Drawing on his clinical experience, Dr Nathaniel Laor, a psychiatrist from Israel, illustrates how hate damages psychic structures. Two factors play a crucial role: first, hate gives, or can give, a form of pleasure; second, and more importantly, hate is addictive. And it is contagious; a potential epidemic. Perhaps that is the poison at the heart of the flower. Maybe the protagonists who are butchering the country need to go for a long session of counselling with Dr Laor.

About a dozen years ago, I was an invited speaker at an international conflict resolution conference held in Derry in Northern Ireland. Ehud Olmert was also a guest speaker. In his address, he said: "Political leaders can help change the psychological climate which affects the quality of relationships among people." And he concluded: "How are fears born? They are born because of differences in tradition and history; they are born because of differences in emotional, political and national circumstances. Because of such differences, people fear they cannot live together. If we are to overcome such fear, a credible and healthy political process must be carefully and painfully developed. A political process that does not aim to change the other or to overcome differences, but that allows each side to live peacefully in spite of their differences." I can only ask my fellow contributor, now prime minister of Israel: "What happened, Ehud? How does the havoc and slaughter of your neighbours tally with your inspiring sentiments?"

During my life, I have come to accept that there are very good reasons why Jews hate Muslims and vice versa. Often, they are eloquent in their arguments and can convincingly document reasons for their antipathy and suspicion. Yet wholesale genocide is no solution - and both sides know it. They have no alternative but to coexist.

Coexistence is the minimal, least demanding way for people to relate to one another without violence. It is not the same thing as love, or even as friendship. On the contrary, it is an expression of distance, an acknowledgment that boundaries will remain. It is informed by an attitude of live and let live; that is precisely the message that neither side in the war in Lebanon wants to hear or declare.

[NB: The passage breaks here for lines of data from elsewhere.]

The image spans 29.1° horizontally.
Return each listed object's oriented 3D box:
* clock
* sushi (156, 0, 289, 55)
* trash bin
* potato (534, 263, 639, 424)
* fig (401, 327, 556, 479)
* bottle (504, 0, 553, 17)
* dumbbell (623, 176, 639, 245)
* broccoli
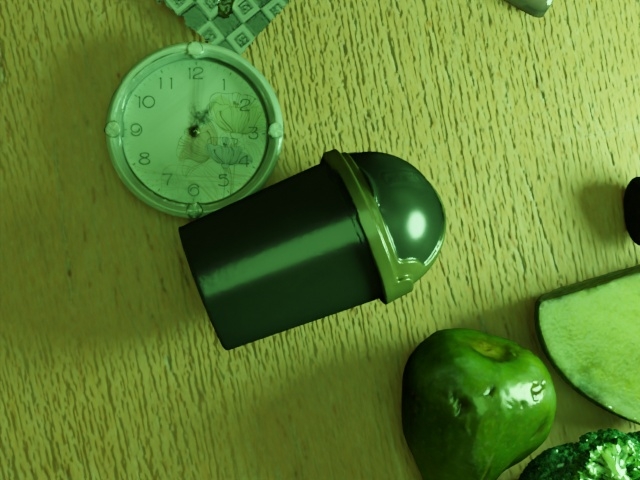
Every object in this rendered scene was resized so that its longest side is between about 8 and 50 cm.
[{"bbox_3d":[-0.169,-0.145,1.652,0.237,0.053,0.236,0,88,-5],"label":"clock"},{"bbox_3d":[-0.111,-0.350,1.679,0.139,0.031,0.201,43,81,-6],"label":"sushi"},{"bbox_3d":[0.000,0.000,1.592,0.334,0.214,0.214,-19,90,-3],"label":"trash bin"},{"bbox_3d":[0.408,0.110,1.688,0.255,0.112,0.269,10,89,-5],"label":"potato"},{"bbox_3d":[0.190,0.261,1.637,0.206,0.206,0.275,14,109,-7],"label":"fig"},{"bbox_3d":[0.258,-0.363,1.715,0.140,0.053,0.053,28,85,-6],"label":"bottle"},{"bbox_3d":[0.527,-0.046,1.715,0.191,0.100,0.100,-4,88,-7],"label":"dumbbell"},{"bbox_3d":[0.363,0.369,1.601,0.245,0.265,0.294,43,42,22],"label":"broccoli"}]
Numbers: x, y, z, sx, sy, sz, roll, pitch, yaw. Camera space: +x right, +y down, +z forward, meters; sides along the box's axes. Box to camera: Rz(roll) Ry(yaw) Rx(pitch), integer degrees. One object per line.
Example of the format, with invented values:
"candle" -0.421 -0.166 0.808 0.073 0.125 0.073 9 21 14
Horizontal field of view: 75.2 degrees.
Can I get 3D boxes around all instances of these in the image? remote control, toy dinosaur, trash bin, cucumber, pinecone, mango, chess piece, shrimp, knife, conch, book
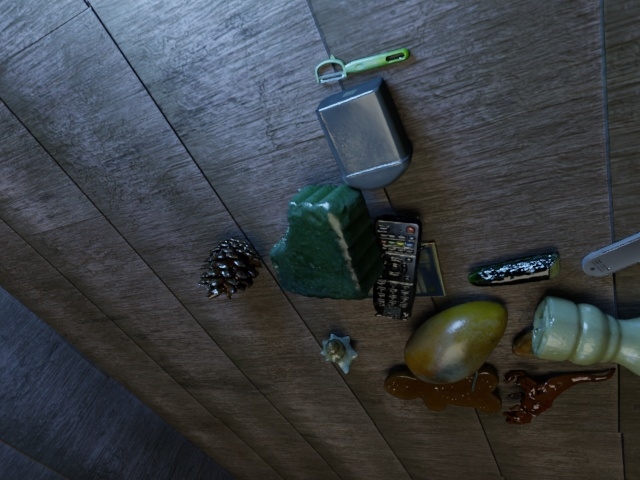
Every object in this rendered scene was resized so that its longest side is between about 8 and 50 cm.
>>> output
"remote control" 0.782 0.023 1.038 0.077 0.022 0.245 39 132 -15
"toy dinosaur" 0.764 0.518 1.445 0.208 0.097 0.432 35 125 -3
"trash bin" 0.109 -0.235 0.974 0.177 0.101 0.236 -11 125 29
"cucumber" 0.531 0.088 1.150 0.242 0.074 0.074 -15 125 33
"pinecone" -0.293 0.095 1.339 0.179 0.204 0.184 30 150 -5
"mango" 0.428 0.327 1.325 0.221 0.199 0.384 41 119 -10
"chess piece" 0.833 0.275 1.133 0.443 0.234 0.234 10 134 16
"shrimp" 0.698 0.324 1.336 0.133 0.051 0.187 3 141 -10
"knife" 0.086 -0.388 0.898 0.212 0.015 0.054 -4 122 22
"remote control" 0.227 0.087 1.231 0.145 0.062 0.398 6 130 13
"conch" 0.086 0.431 1.584 0.114 0.137 0.234 -41 125 10
"book" 0.212 0.102 1.305 0.323 0.018 0.228 -5 128 23

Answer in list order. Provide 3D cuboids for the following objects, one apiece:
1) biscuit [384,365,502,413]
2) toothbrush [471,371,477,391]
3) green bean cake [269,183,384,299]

It is an ideal without illusions. Its object is not the seamless union of opposites but a practical relationship of mutual respect. It does not deny difference; it disarms it, robbing it of its power to wound or kill. In a pluralist society, ethnic and cultural differences are not abolished. They are legitimated, while society strives to guarantee that the law will be blind to them. It is not easy to achieve but when there is no alternative, it is worth trying.

For now, I've put off my visit to Lebanon. But I might return to that poem and rework it. But then, I think cynically, what's the point? Nothing changes in this corner of the earth.